After becoming president and being appraised of the existence of the atom bomb, Truman stated, "If it explodes, as I think it will, I’ll certainly have a hammer on those boys." Talking about the Japanese was he? No, I think not. The then Secretary of State, James Byrnes, told a scientist that the atom bomb was needed, not so much to defeat the Japanese, but "to make Russia manageable in Europe." And 20 years later, on a special television show, Byrnes disclosed that he and Truman specifically discussed the matter and decided against informing the Russians of the details of the bomb.

At the February 1945 Yalta Conference and upon the urging of the United States, the Soviet Union had agreed to declare war upon Japan within three months after the surrender of Germany. It appears that the United States government had changed its mind and no longer wished the U.S.S.R. to enter the war against Japan. Consequently, the Japanese surrender had to be rapidly effected, even if that meant using the atom bomb when it was clearly not militarily required. The Japanese had already made two official requests for terms prior to the atom bomb attacks. Their second request stated the willingness to completely surrender as long as the Emperor could be retained. To both of these requests, the American answer was the same: no terms; the surrender had to be unconditional. Not even the traditional and orthodox historians still insist that the atom bombing of the two Japanese cities was militarily necessary. Indeed, few authorities still hold that the American civilian and military leaders in August of 1945 even believed the atom bombs were necessary to induce the Japanese surrender without an invasion of the Island Empire.
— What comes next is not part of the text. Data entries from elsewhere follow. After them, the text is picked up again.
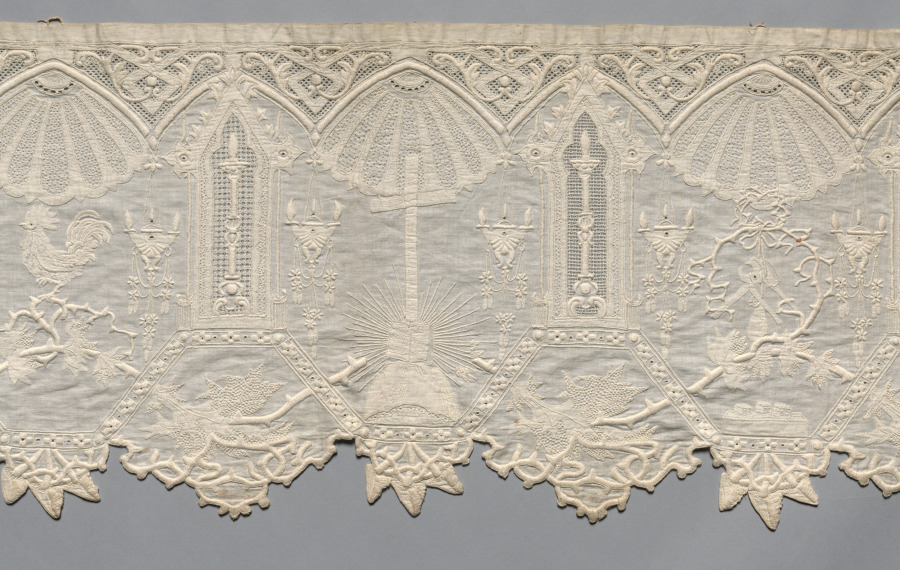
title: Altar Cloth
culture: Italy(?)
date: 1800s
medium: Plain weave cotton: needle lace (drawnwork), appliqué, and embroidery
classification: Embroidery

Former President Eisenhower testified [Los Angeles Times, August 1, 1966, p.9.] that in 1945, he urged the United States government not to drop the bomb. He "knew Japan was beaten," and that they were simply "looking for a face-saving way to surrender." Clearly, the truth is that the United States became the first country in the world to use nuclear weapons not for military reasons, but for reasons of international politics. And while the Japanese were made to suffer, the lesson was intended for the Russians.